**Work request:** List all lines in the material below that contain "compilar".

**Data section:**
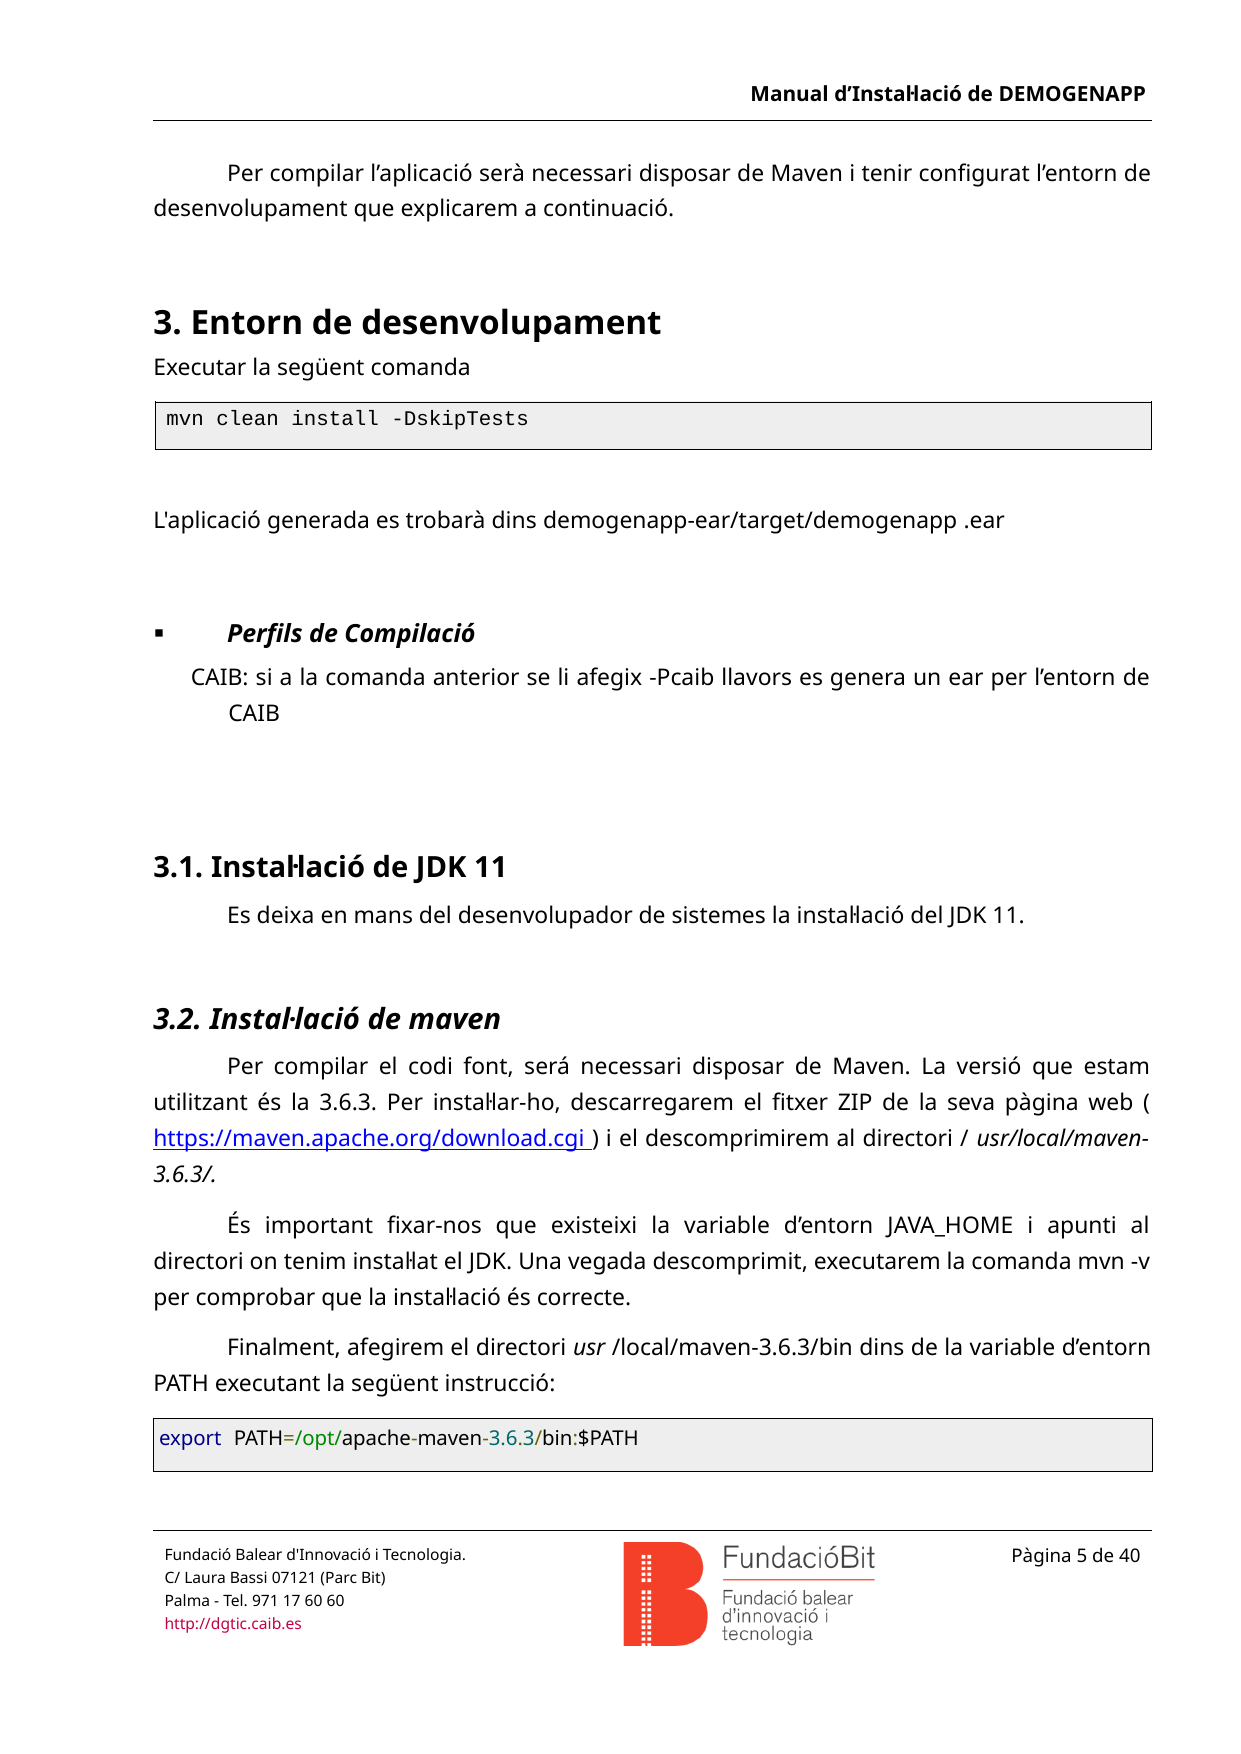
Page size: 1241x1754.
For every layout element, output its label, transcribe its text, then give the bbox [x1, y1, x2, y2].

table_header mvn clean install -DskipTests [156, 403, 1151, 449]
subtitle Perfils de Compilació [153, 616, 1152, 649]
text És important fixar-nos que existeixi la variable d’entorn JAVA_HOME i apunti al directori on tenim instal·lat el JDK. Una vegada descomprimit, executarem la comanda mvn -v per comprobar que la instal·lació és correcte. [153, 1209, 1152, 1312]
text Finalment, afegirem el directori usr /local/maven-3.6.3/bin dins de la variable d’entorn PATH executant la següent instrucció: [153, 1331, 1152, 1398]
table_header export PATH=/opt/apache-maven-3.6.3/bin:$PATH [154, 1419, 1152, 1471]
subtitle Instal·lació de maven [153, 998, 1152, 1038]
subtitle Instal·lació de JDK 11 [153, 847, 1152, 886]
text L'aplicació generada es trobarà dins demogenapp-ear/target/demogenapp .ear [153, 504, 1152, 535]
text Es deixa en mans del desenvolupador de sistemes la instal·lació del JDK 11. [153, 899, 1152, 930]
text Per compilar el codi font, será necessari disposar de Maven. La versió que estam utilitzant és la 3.6.3. Per instal·lar-ho, descarregarem el fitxer ZIP de la seva pàgina web ( https://maven.apache.org/download.cgi ) i el descomprimirem al directori / usr/local/maven-3.6.3/. [153, 1050, 1152, 1189]
picture [623, 1542, 875, 1646]
text Per compilar l’aplicació serà necessari disposar de Maven i tenir configurat l’entorn de desenvolupament que explicarem a continuació. [153, 156, 1152, 224]
text Executar la següent comanda [153, 351, 1152, 382]
subtitle Entorn de desenvolupament [153, 299, 1152, 344]
text CAIB: si a la comanda anterior se li afegix -Pcaib llavors es genera un ear per l’entorn de CAIB [191, 661, 1152, 728]
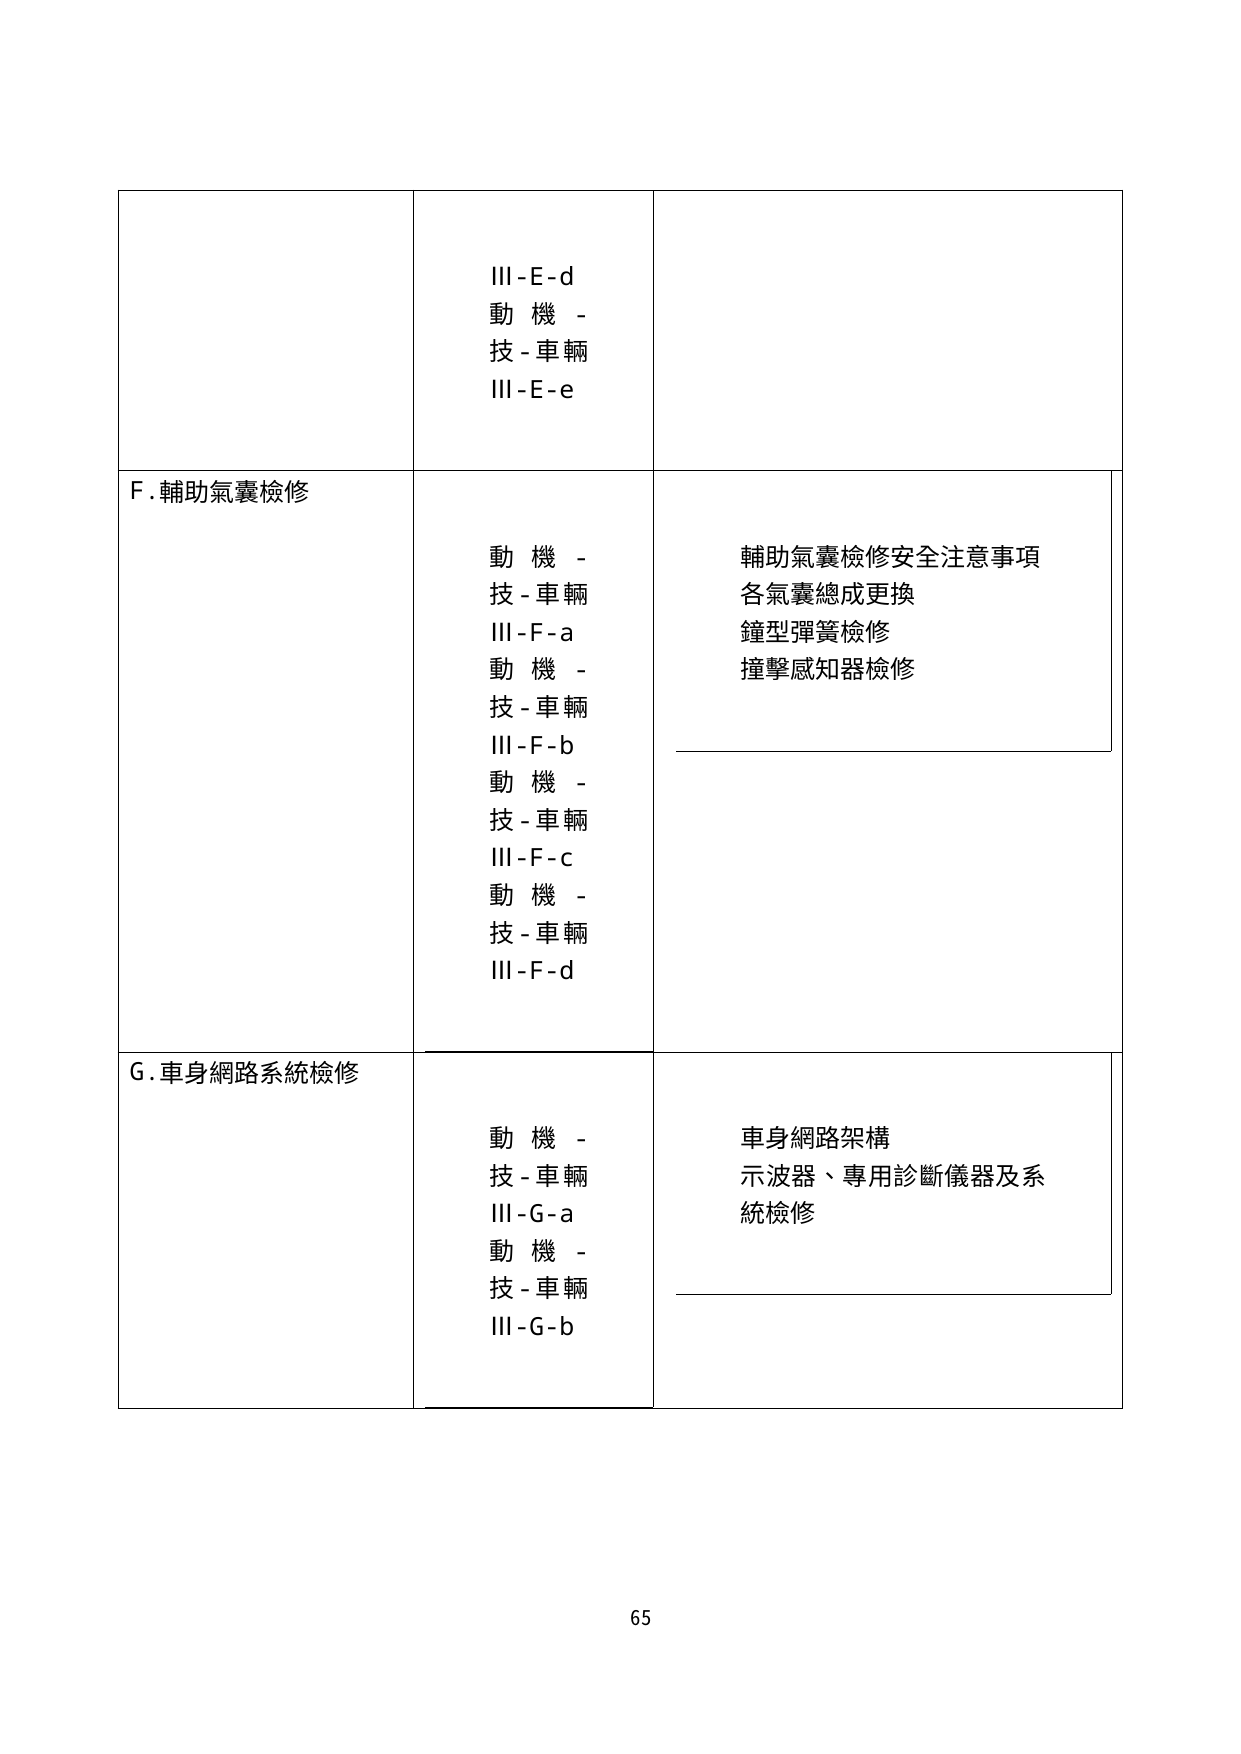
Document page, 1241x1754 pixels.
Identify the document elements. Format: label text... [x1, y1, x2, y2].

table_cell F.輔助氣囊檢修 [119, 471, 413, 1052]
table_cell [119, 191, 413, 470]
table_cell [654, 471, 664, 1052]
table_cell [665, 191, 1122, 470]
table_cell [654, 1053, 664, 1407]
table_cell 動機-技-車輛Ⅲ-F-a 動機-技-車輛Ⅲ-F-b 動機-技-車輛Ⅲ-F-c 動機-技-車輛Ⅲ-F-d [414, 471, 653, 1052]
table_cell 車身網路架構 示波器、專用診斷儀器及系統檢修 [665, 1053, 1122, 1407]
table_cell Ⅲ-E-d 動機-技-車輛Ⅲ-E-e [414, 191, 653, 470]
table_cell [654, 191, 664, 470]
table_cell 輔助氣囊檢修安全注意事項 各氣囊總成更換 鐘型彈簧檢修 撞擊感知器檢修 [665, 471, 1122, 1052]
table_cell 動機-技-車輛Ⅲ-G-a 動機-技-車輛Ⅲ-G-b [414, 1053, 653, 1407]
table_cell G.車身網路系統檢修 [119, 1053, 413, 1407]

**Output of the task:**
text Per compilar el codi font, será necessari disposar de Maven. La versió que estam utilitzant és la 3.6.3. Per instal·lar-ho, descarregarem el fitxer ZIP de la seva pàgina web ( https://maven.apache.org/download.cgi ) i el descomprimirem al directori / usr/local/maven-3.6.3/. [153, 1050, 1152, 1189]
text Per compilar l’aplicació serà necessari disposar de Maven i tenir configurat l’entorn de desenvolupament que explicarem a continuació. [153, 156, 1152, 224]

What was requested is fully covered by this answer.